MLST analysis revealed that the JH62PP1 and JH62PN strains isolated from the patient’s pus and nasal swab specimens at the initial visit, as well as those (JH62F, JH62M, and JH62B1) from nasal swab specimens of the father, mother, and older brother, were identified as MSSA sequence type (ST) 2233 (Appendix Figure 1). ST2233 belongs to clonal complex (CC) 188, as determined by eBURST analysis of PHYLoViZ version 2.0 web tool (https://www.phyloviz.net). JH62PP2, isolated from the patient’s pus at the follow-up visit, belonged to ST1, and JH62B2, isolated from the younger brother’s nasal swab, ST188; their STs were distinct from ST2233, which was the ST of the suspected strain of household transmission. In the case of S. aureus, the single-nucleotide polymorphism cutoff value for excluding patient-to-patient transmission in an outbreak setting is considered to be <15 within the previous 6 months (7). Therefore, all ST2233 isolates from the 4 family members were found to be very closely related, confirming that the causative clone was transmitted within the family.
We also investigated the virulence, antimicrobial-resistance, and disinfectant-resistance genes by whole-genome sequencing analysis (Table). Five ST2233 isolates possessed multiple virulence genes: Panton-Valentine leukocidin genes lukS-PV and lukF-PV; staphylococcal enterotoxin genes seg, seh, sei, sem, sen, seo, ses, and seu; exfoliative toxin gene ete; and some antimicrobial-resistance genes, including β-lactam resistance gene blaZ and quinolone resistance–determining region mutations GrlA S80Y and GyrA S84L. However, we did not detect the mupirocin-resistance gene mup or any qac homologs, such as qacA, qacB, qacE, qacG, and qacH, which are known as disinfectant-resistance genes and known to reduce efficacy (8,9). We also investigated biofilm formation, which is associated with bacterial colonization and drug resistance. However, the biofilm-forming ability of these ST2233 strains was only slightly higher than that of the negative control FK300 (p<0.05) and not particularly strong (Appendix Figure 2).

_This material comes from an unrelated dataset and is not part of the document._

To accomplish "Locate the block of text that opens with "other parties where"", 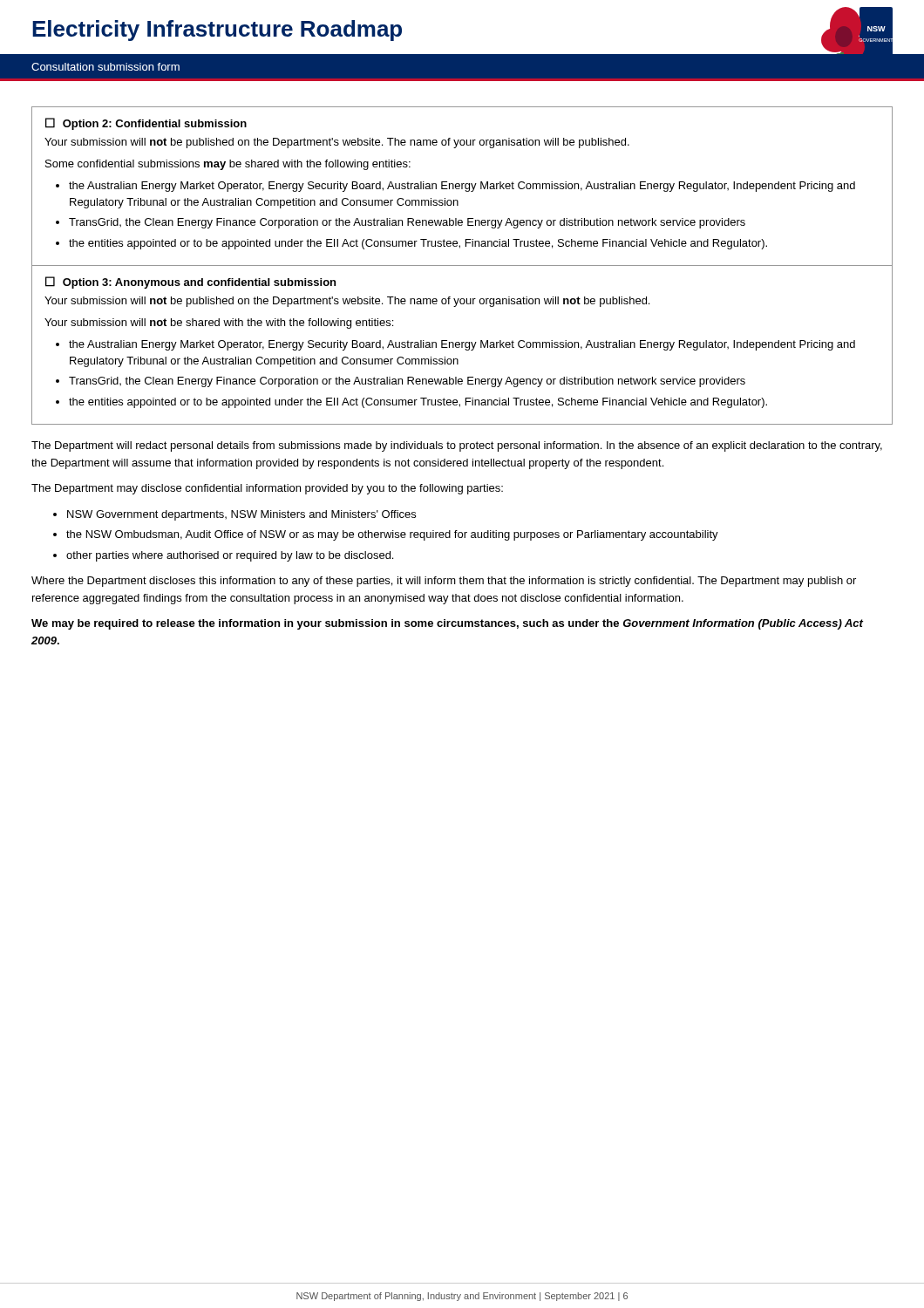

ETE is a recently identified toxin that specifically degrades desmoglein-1 in the epidermis of many mammal species, including humans (10). A PVL and ETE double-positive strain is very rare; only 1 case has been reported, from necrotizing fasciitis (11). We have not found other reports of PVL and ETE double-positive S. aureus belonging to CC188, the most frequently isolated clone from healthy adult skin in Japan.